--- START ---

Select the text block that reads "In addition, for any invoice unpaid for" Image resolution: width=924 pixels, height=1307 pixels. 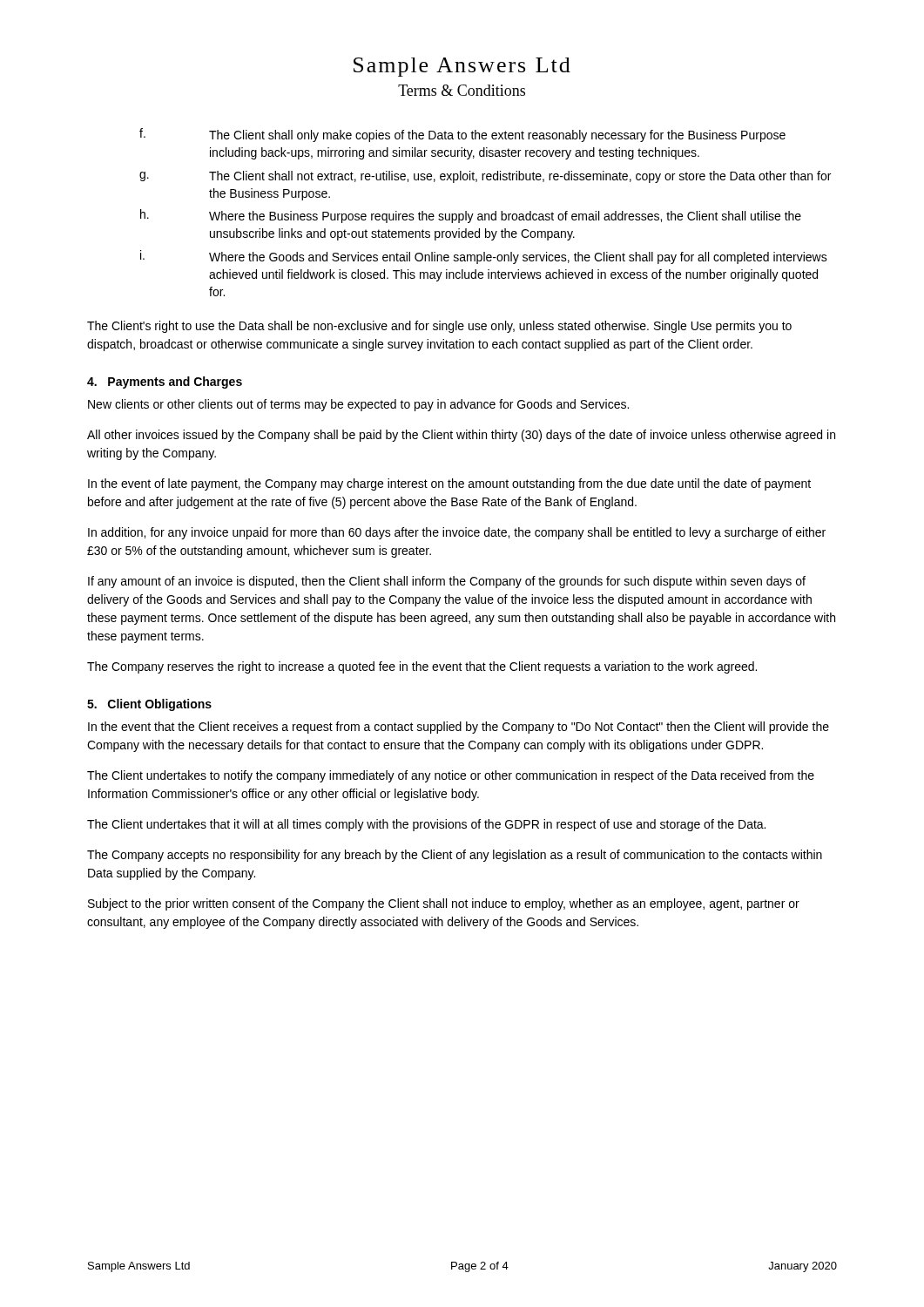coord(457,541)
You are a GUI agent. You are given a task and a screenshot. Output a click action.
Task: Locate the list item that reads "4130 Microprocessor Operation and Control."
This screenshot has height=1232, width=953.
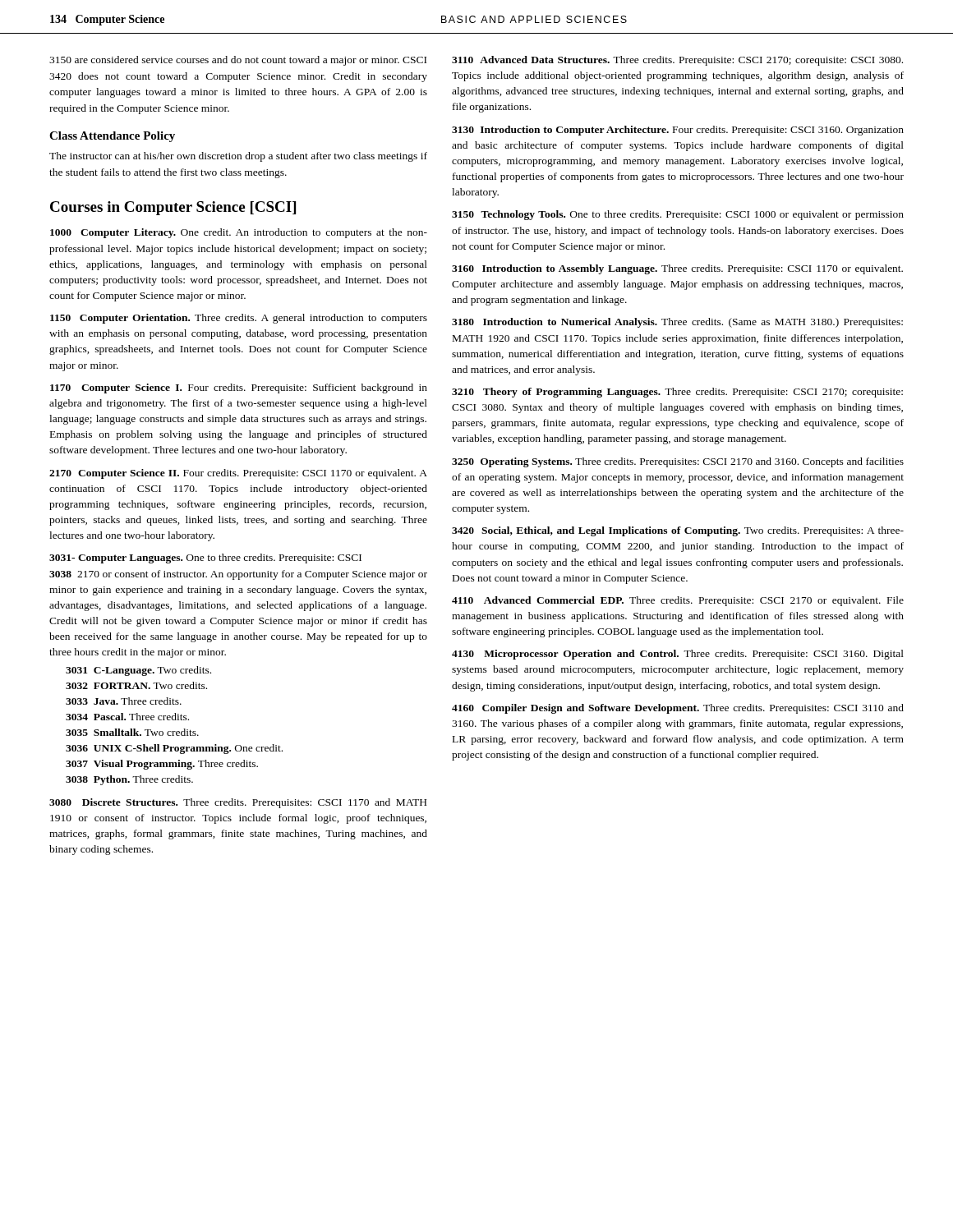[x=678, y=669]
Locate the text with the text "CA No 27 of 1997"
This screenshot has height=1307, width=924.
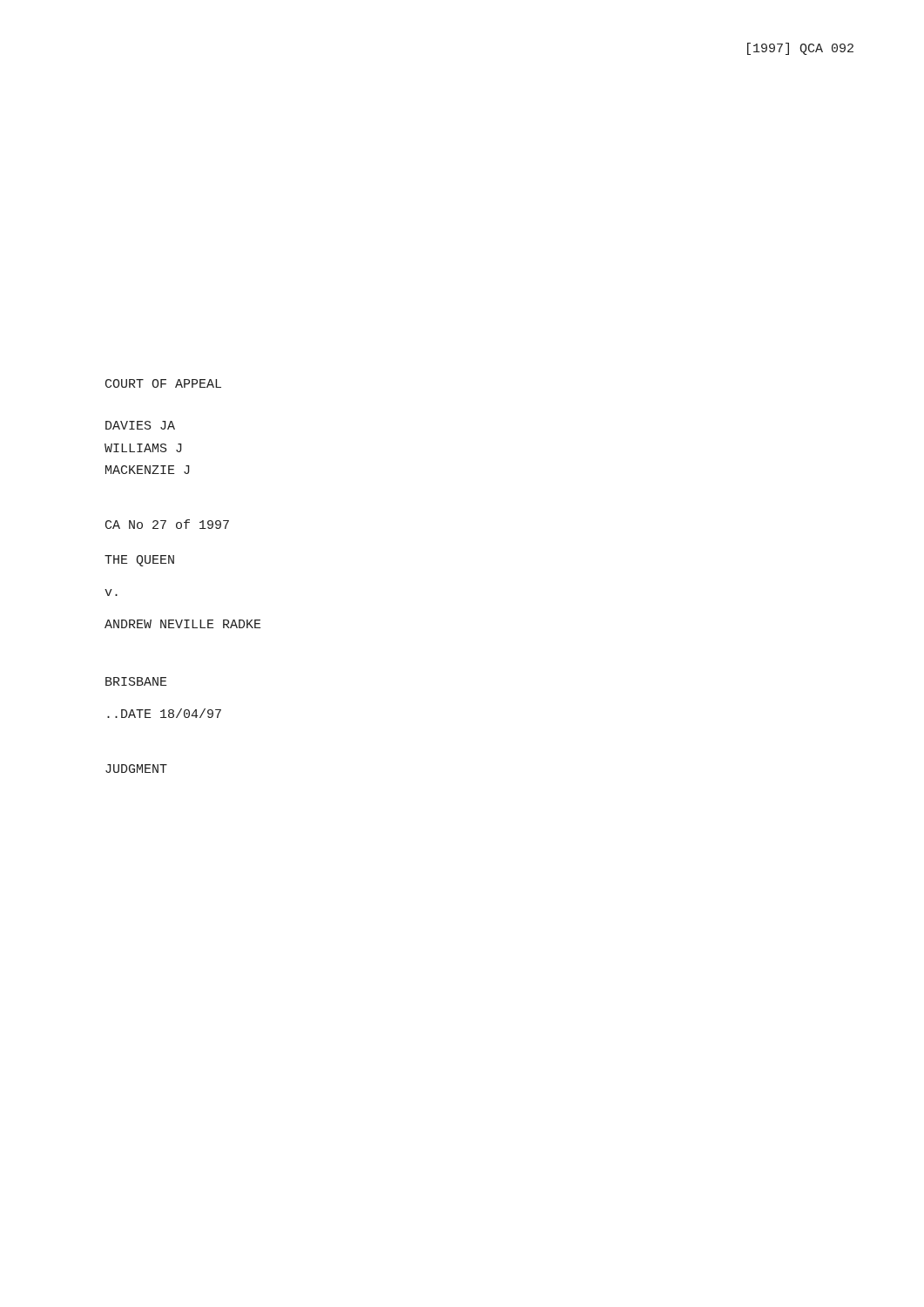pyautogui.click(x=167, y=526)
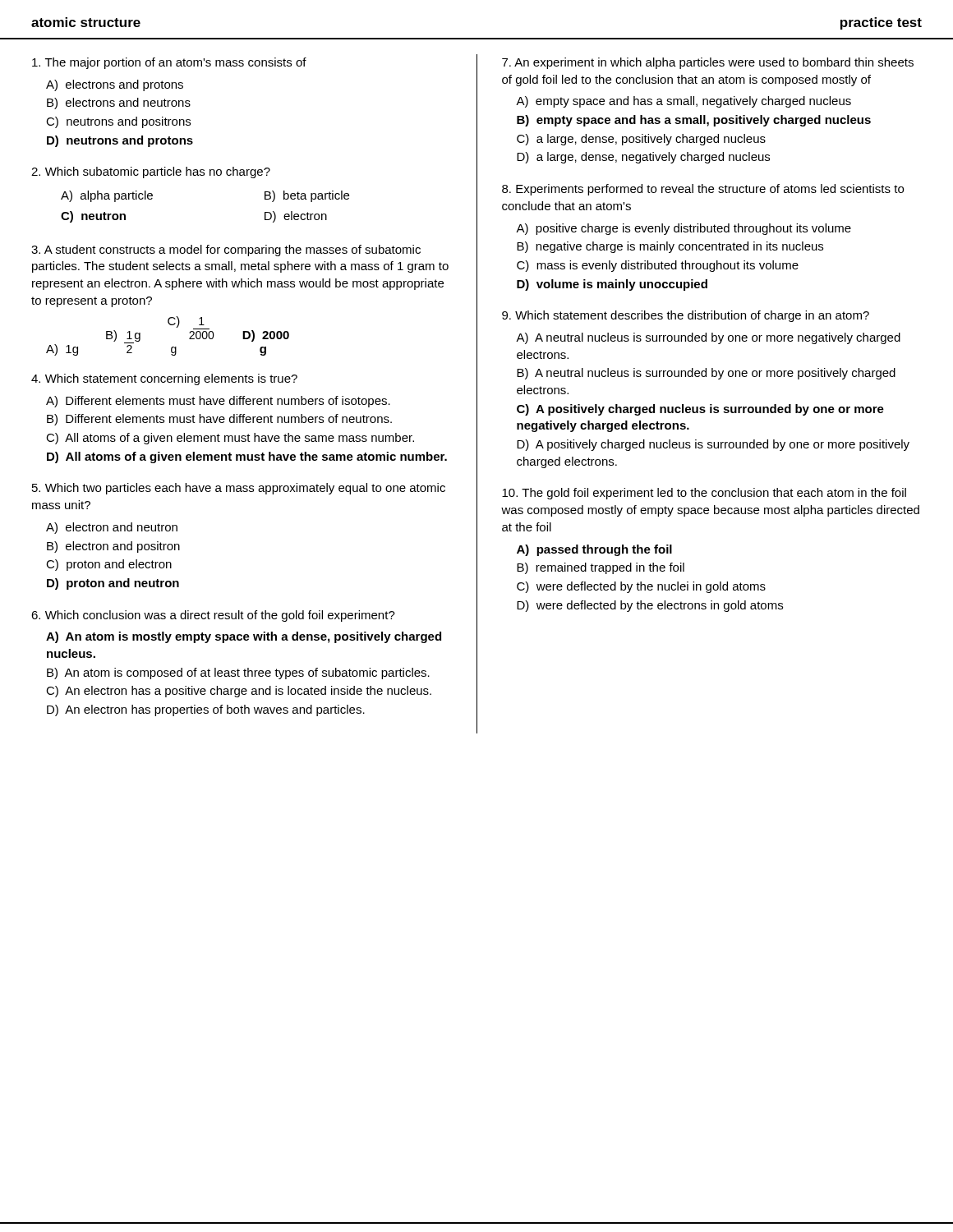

--- END ---

### PROBLEM
Output exactly the lines from the one that has "Task: Locate the" through the end of the data. Do not include pictures.

### COMPLETED EXERCISE
Task: Locate the list item that reads "4130 Microprocessor Operation and Control."
This screenshot has height=1232, width=953.
[x=678, y=669]
Locate the text with the text "CA No 27 of 1997"
This screenshot has height=1307, width=924.
pyautogui.click(x=167, y=526)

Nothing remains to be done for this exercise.